The Fed could make the biggest rate hike since 1994

(Washington) The Federal Reserve’s (Fed) Monetary Affairs Committee began its meeting on Tuesday to raise interest rates to fight inflation and could even make the biggest hike in 27 years.

Posted at 11:12 am
Updated at 11:42 am

Julia Chabanas
Media Agency France

“The Monetary Policy Committee (FOMC) meeting started at 11 a.m. as scheduled,” a Federal Reserve (Fed) spokesman told AFP.

It concludes Wednesday at 12 p.m., followed by the release of a press release at 2 p.m. and a press conference by the institution’s President, Jerome Powell, at 2:30 p.m.

The key interest rate, which is currently in a range of 0.75 to 1.00%, should be raised for the third time in a row.

After rising by a quarter of a percentage point in March and then by half a point in May, further increases are expected. It could be half a point (which equals 50 basis points) or even three quarters of a point (75 basis points), which would be a first since 1994.

Economists expect another half-point hike, according to a consensus from Briefing.com.

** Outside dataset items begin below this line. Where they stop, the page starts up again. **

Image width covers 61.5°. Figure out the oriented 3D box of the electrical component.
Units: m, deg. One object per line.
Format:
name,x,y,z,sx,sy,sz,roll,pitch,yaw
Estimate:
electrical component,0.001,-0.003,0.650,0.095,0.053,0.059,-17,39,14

But as of Tuesday morning, market participants overwhelmingly (96.1%) expected a gain of 75 basis points, according to CME Group’s futures product rating. They are betting that the Fed chair has said repeatedly that the institution will act on the data released.

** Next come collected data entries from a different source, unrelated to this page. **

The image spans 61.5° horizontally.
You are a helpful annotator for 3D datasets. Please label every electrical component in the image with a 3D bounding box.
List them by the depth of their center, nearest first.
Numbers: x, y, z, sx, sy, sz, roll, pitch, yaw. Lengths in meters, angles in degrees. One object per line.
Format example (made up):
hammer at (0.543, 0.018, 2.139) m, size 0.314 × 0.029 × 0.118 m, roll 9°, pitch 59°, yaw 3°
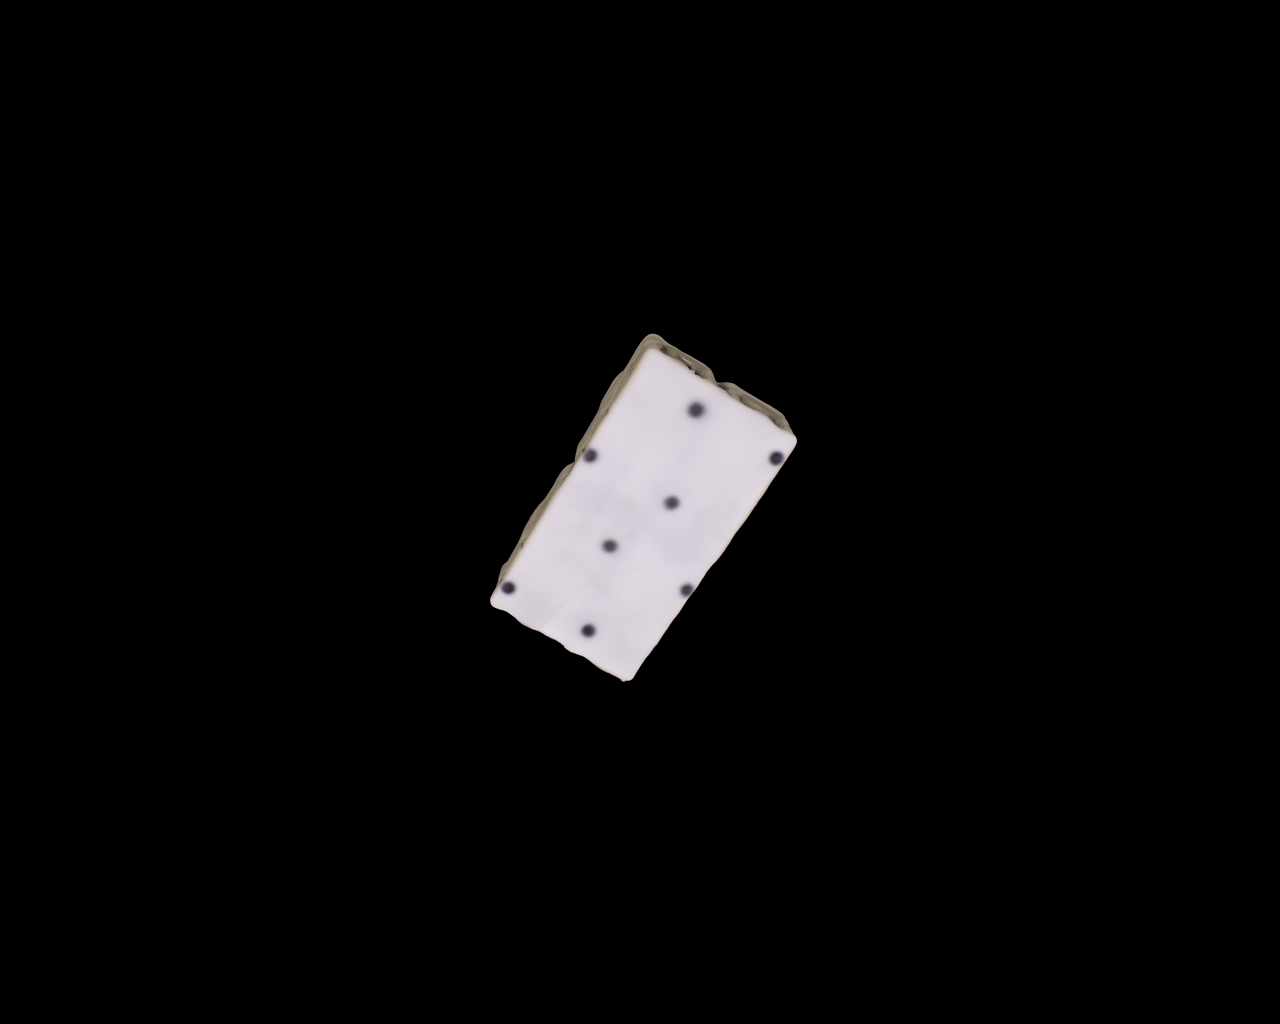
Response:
electrical component at (0.001, -0.003, 0.650) m, size 0.105 × 0.186 × 0.060 m, roll 30°, pitch 15°, yaw -9°

However, the magnitude of inflation recorded in May surprised with an acceleration and a new 40-year high at 8.6% over the year and 1.0% over the month, according to the CPI index released on Friday.

growth, but not too much

Prior to this release, “We shared the general consensus that the FOMC would hike rates by 50 basis points […]. But the release of higher-than-expected inflation for May now leads us to expect a 75 basis point rate hike,” Wells Fargo economists Jay Bryson and Michael Pugliese said in a statement.

However, other analysts point out that such a hike would be useless as it could be interpreted as a panic move.

“As supply improves and demand for goods relative to services falls, margins will shrink and inflation will fall much faster than markets and the Fed are expecting,” Ian said. Shepherdson of Pantheon Macroeconomics in a statement.

An increase in key interest rates causes an increase in borrowing costs for private and commercial borrowers and thus a dampening of consumption.

However, at the risk of weighing on growth in gross domestic product (GDP) and employment. However, during an interview last month, the Fed chairman said growth was needed, but not too much, to contain inflation.

He also pointed out that this could happen through a modest increase in unemployment while the country faces a tight labor market and major labor shortages that are pushing companies to raise wages, which also contributes to inflation.

During this meeting, Fed officials will also update their economic forecasts, most recently from March. They should revise inflation and unemployment forecasts up and GDP growth forecasts down.

Fighting inflation is a priority for the Fed, but also for Joe Biden, who hosted Jerome Powell at the White House in late May for a rare interview on the subject.

The Monetary Committee is meeting for the first time since Jerome Powell officially began his second term on May 23 and Lael Brainard became the institution’s vice president. This Monetary Committee meeting also marks the arrival of two new governors, Lisa Cook and Philip Jefferson.